Jeong-In was absent from her day-care for 2 months from July 2020 to September 2020, but when she returned to the day-care in September, the teachers were shocked to see her condition. Jeong-In had lost a significant amount of weight and was covered in bruises all over her body. The teachers immediately took her to a clinic where the pediatrician examined Jeong-In and reported to the police that Jeong-In was suffering from malnutrition and obvious child abuse. The pediatrician strongly advised the police to immediately separate Jeong-In from her parents. However, the police and child protection institution took Jeong-In to another clinic where her adoptive parents had a relationship with the doctor and as such, the doctor diagnosed Jeong-In with a mouth infection, hence the case was closed again and Jeong-In was sent back home to her abusive parents. 20 days after the third case was closed, Jeong-In died.

==Death==
On October 12, 2020, Jeong-In was sent to daycare in serious condition.
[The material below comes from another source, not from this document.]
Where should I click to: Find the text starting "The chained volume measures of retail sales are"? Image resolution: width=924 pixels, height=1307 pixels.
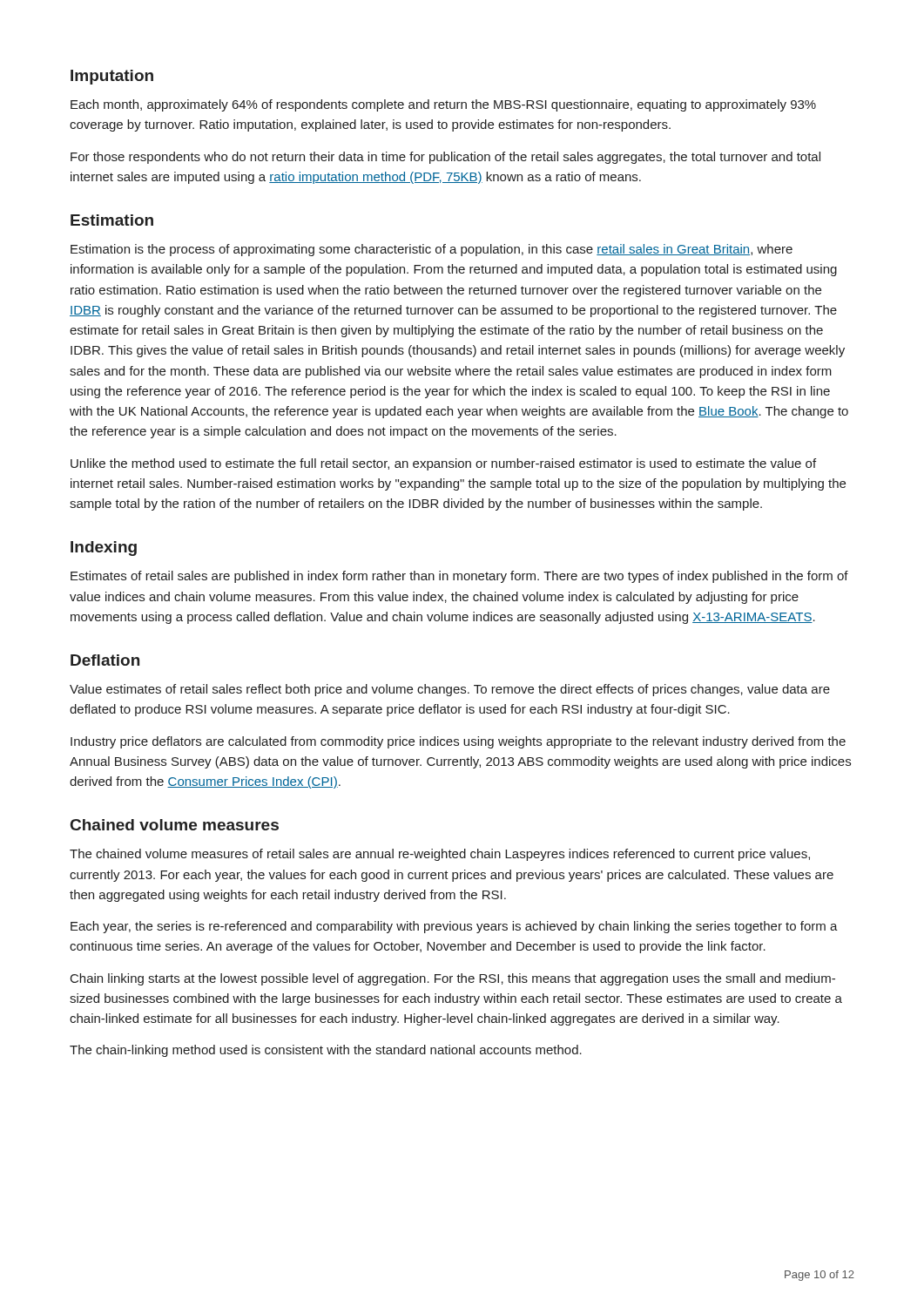coord(452,874)

According to the daycare teachers, she couldn't walk, stand, drink or eat all day. Her stomach seemed swollen, but she didn't fuss or cry at all. Her diaper was also dry for hours without any urine passing. The teachers called her adoptive mother, and she came to check Jeong-In's condition for a few minutes, but then left saying there was nothing to worry about.

However, Jeong-In had no energy and seemed very weak. After being dehydrated, she took a few sips of milk that the teacher tried to give her, but she immediately panted after drinking the liquid, and her body began to shiver. When her adoptive father picked her up in the afternoon, the teacher expressed her concern about Jeong-In's health, and how she didn't walk all day; at that moment, her adoptive father forced Jeong-In to take a few steps towards him, trying to prove that she was fine. The teachers asked the adoptive father to take Jeong-In to the hospital immediately, but he decided not to.
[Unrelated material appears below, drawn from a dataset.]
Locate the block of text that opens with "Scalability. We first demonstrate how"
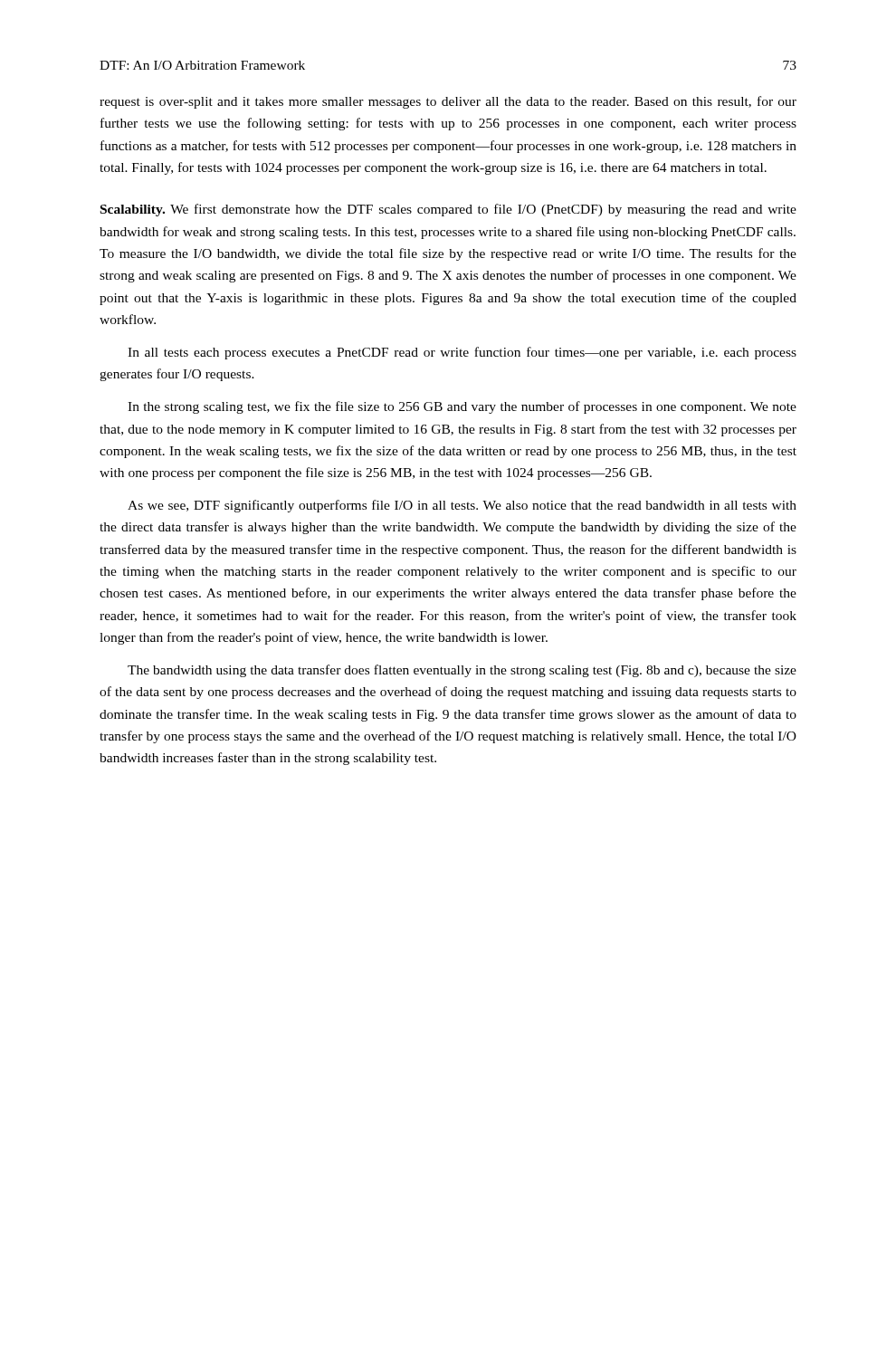448,264

The next day on October 13, 2020, Jeong-In's adoptive mother recorded with her phone to force Jeong-In to walk between 8:46 a.m. and 9:01 a.m. In the video, Jeong-In seemed to be in severe pain, constantly crying, but her adoptive mother was yelling and screaming at Jeong-In, demanding that she walk. At around 9:40 a.m., the neighbors downstairs heard some extremely loud noises from above, as if dumbbells were falling on the ground about 4-5 times. The neighbor went upstairs to check if everything was fine, but only Jang answered the door while her biological daughter peeked out. Jang apologized for the noise and said everything was all right. Then Jang called the daycare, stating that Jeong-In would be absent from daycare on that day. Around 10:19 a.m., she took her biological daughter to the daycare, and then to a lingerie store on the way home. In the surveillance footage, Jeong-In was not with her adoptive mother, and so she was alone at home again. Once returning home, Jang finally called a taxi to take Jeong-In to the hospital. The taxi driver saw that Jeong-In was turning blue and unconscious, so he asked Jang to call the ambulance instead, but she refused. After several rounds of cardiac arrest and resuscitation in the ER, Jeong-In died on October 13, 2020, at the age of 16 months. While Jeong-In was fighting for her life in the ER, her adoptive mother was perusing online shopping malls and looking for a fishcake to buy outside of the emergency room.

==Autopsy==
During the trial, the autopsy was performed, and the doctor testified that Jeong-In's case was the worst child abuse case he had ever seen in his 20 years of experience. Out of the 3,800 bodies he’d examined, from a pediatric perspective, Jeong-In had the worst injuries and her entire body was severely damaged. He had never seen a ruptured pancreas in a pediatric case, and he concluded that Jeong-In was probably stomped on multiple times on her stomach by adults. Only extremely strong force applied to her abdomen would cause such rupture of her internal organs. Additionally, based on some recovered tissue found in Jeong-In's organs, the doctors also believed that there was another severe beating that happened 3–5 days prior to her death. Jeong-In spent the last few days of her life in extreme pain, with even breathing being painful, which explained why she did not cry in the daycare where she was last seen alive.